# Windows Media Play and VOB files.



## JamesE (Mar 2, 2006)

I used to be able to play VOB files with a simple double click on WMP. Now all I get is a red "!" in the play list. My laptop does the same and did the same when it was on WMP9 (it is now on 10) The PC is on WMP10. Does anyone know what has happened. Was it Seattle during a Windows Update? Can I get the facility back?
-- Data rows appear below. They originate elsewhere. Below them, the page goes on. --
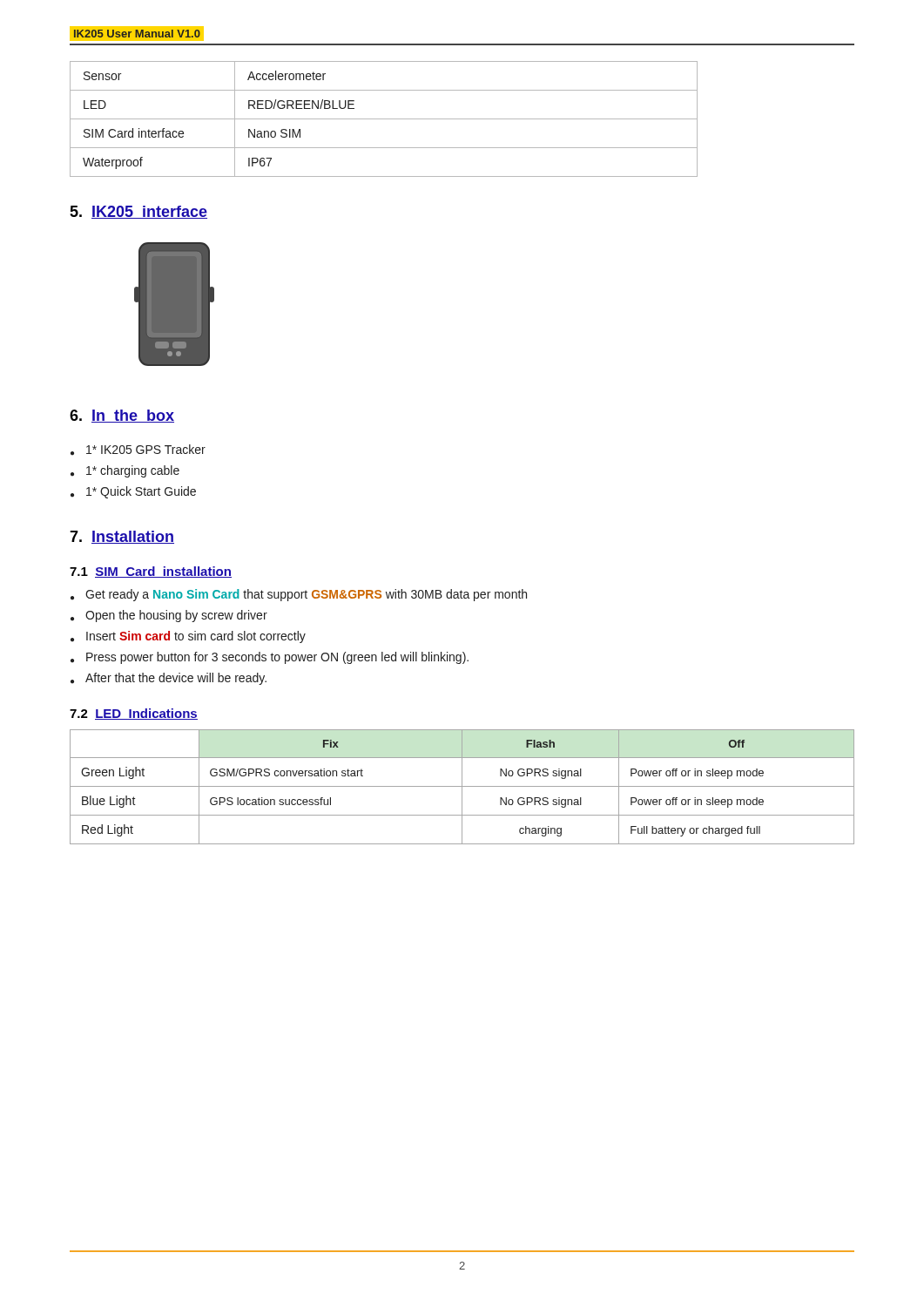Screen dimensions: 1307x924
Task: Locate the block of text that opens with "After that the device"
Action: (169, 679)
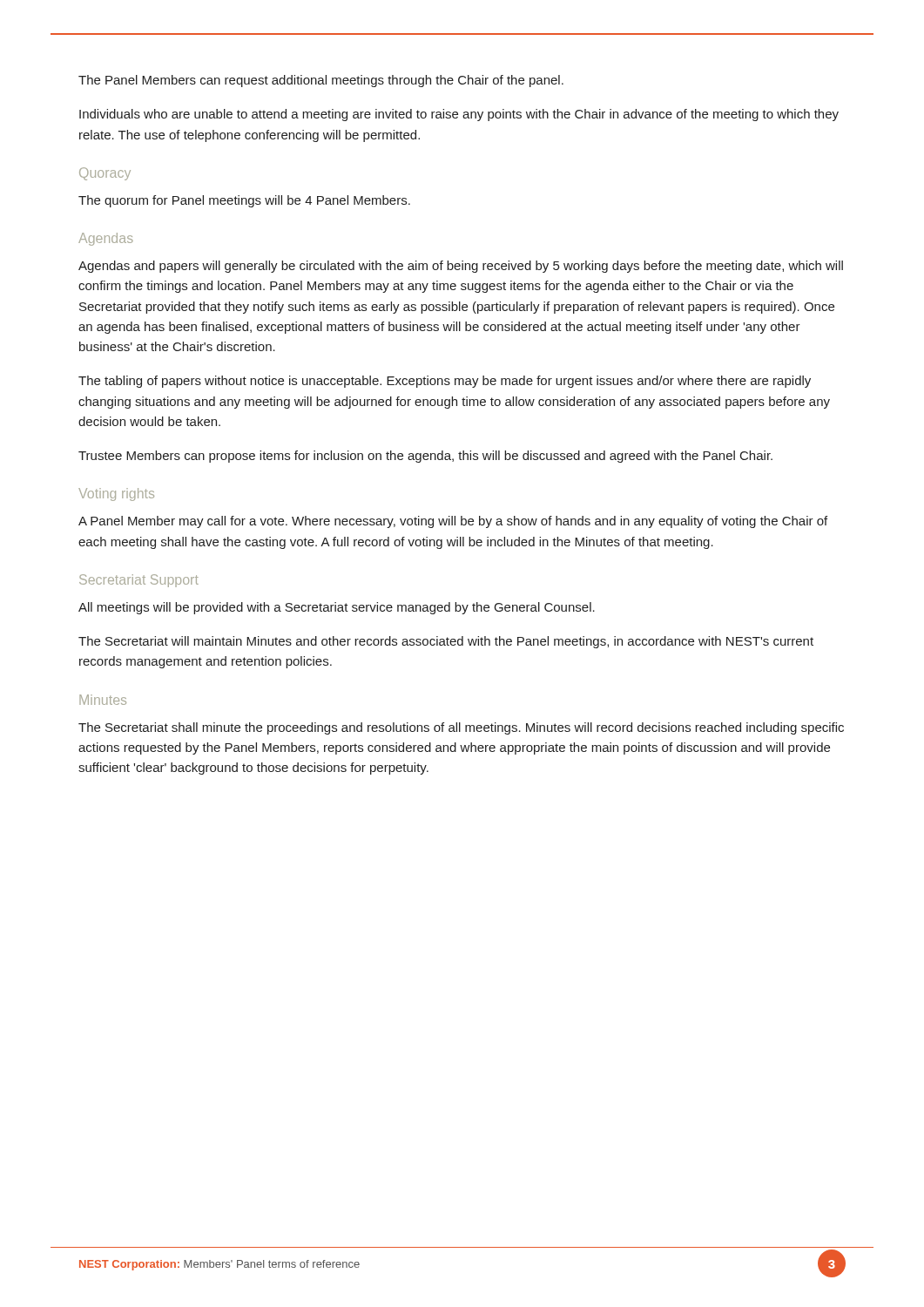Select the text block containing "A Panel Member may call for a vote."
This screenshot has width=924, height=1307.
(x=453, y=531)
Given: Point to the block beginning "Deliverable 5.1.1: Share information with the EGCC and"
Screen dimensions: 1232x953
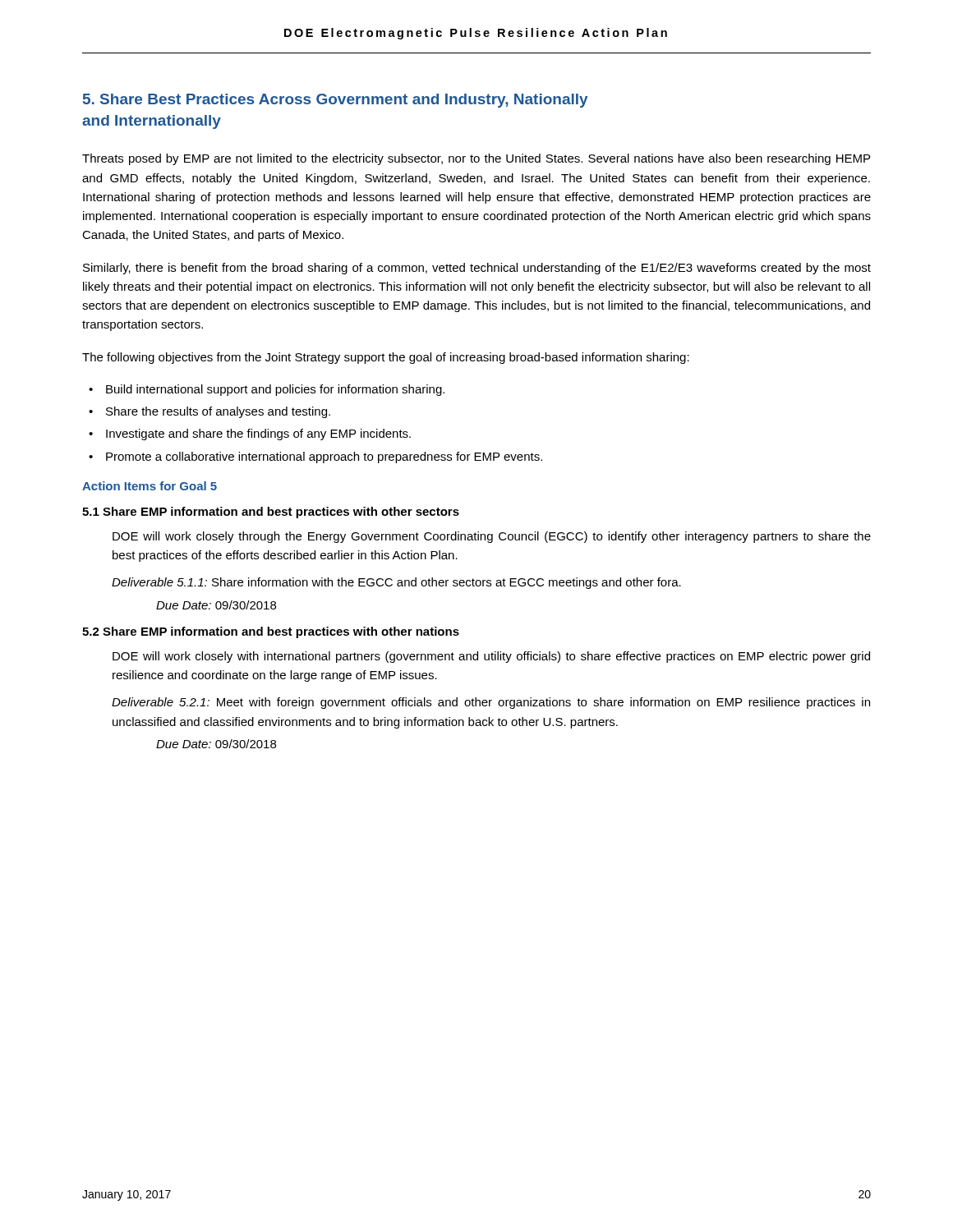Looking at the screenshot, I should tap(397, 582).

VOB files play OK using PowerDVD and VideReDo plays them and converts them without problem.


----------



## cancon (Jul 22, 2005)

Either you had a different version of WMP (it came with an update) or WMP needs a codec

Check that your current WMP is the latest version and up to dat, and if so then just download a codec for VOB


----------



## JamesE (Mar 2, 2006)

I would have thought that any necessary Codec is present. Power DVD plays VOB files with no problem or do I have to do something specific for WMP? WMP is up to date, I can't help feeling that that's the problem - one of Uncle Bill's updates has stopped the ability to play VOB for whatever reason.


----------



## caraewilton (Nov 7, 2007)

Hi. Jumping on this old post. Does anyone know how to windows media player to play a vob file?


----------



## orijimi (Sep 16, 2007)

Ya, you need a codec pack, like the K-Lite Codec Pack. I had uninstalled Cyberlink because it was a piece of **** player, but then I couldn't play DVDs. I found the K-Lite Codec Pack has like 4 or more codecs available just for DVDs, including the Cyberlink one. An added bonus is that ALL of the codecs you install are recognized by WMP, so you can even play FLVs and MOVs in it.


----------